For this reason, putting log files or tempdb on a RAID 5
array is not recommended. Index filegroups, which suffer worse than
data filegroups from bad write performance, are also poor candidates
for RAID 5 arrays. Data filegroups where more than 10% of the I/Os are
writes are also not good candidates for RAID 5 arrays.
Note that if write performance is not an issue in
your environment—for example, in a DSS/data warehousing environment—you
should, by all means, use RAID 5 for your data and index segments.
In any environment, you should avoid putting tempdb on a RAID 5 array. tempdb typically receives heavy write activity, and it performs better on a RAID 1 or RAID 0 array.
RAID 5 is a relatively economical means of providing
fault tolerance. No matter how many drives are in the array, only the
space equivalent to a single drive is used to support fault
tolerance. This method becomes more economical with more drives in the
array. You must have at least three drives in a RAID 5 array. Three
drives would require that 33% of available disk space be used for fault
tolerance, four would require 25%, five would require 20%, and so on.
Figure 3 shows a RAID 5 configuration.
Note
Although the recommendations for using the various
RAID levels presented here can help ensure that your database
performance will be optimal, reality often dictates that your optimum
disk configuration might not be available.
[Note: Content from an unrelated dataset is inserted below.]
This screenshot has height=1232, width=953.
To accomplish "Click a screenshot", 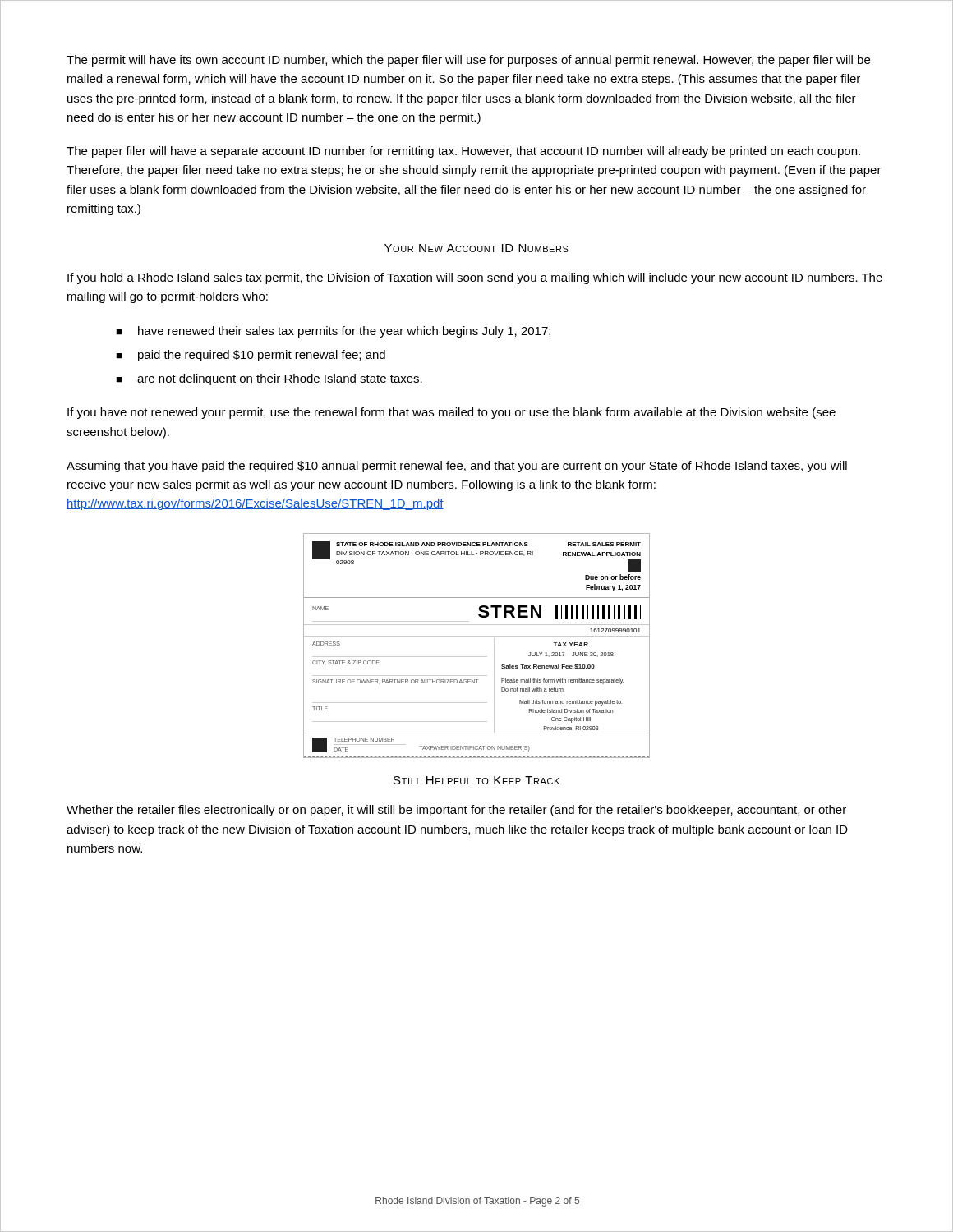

You may be given a server
with a single RAID 5 array and told to make it work. Although RAID 5 is
not optimal for tempdb or transaction logs, the write performance can be mitigated by using a controller with a battery-backed write cache.
If possible, you should also try to stripe
database activity across multiple RAID 5 arrays rather than a single
large RAID 5 array to avoid overdriving the disks in the array.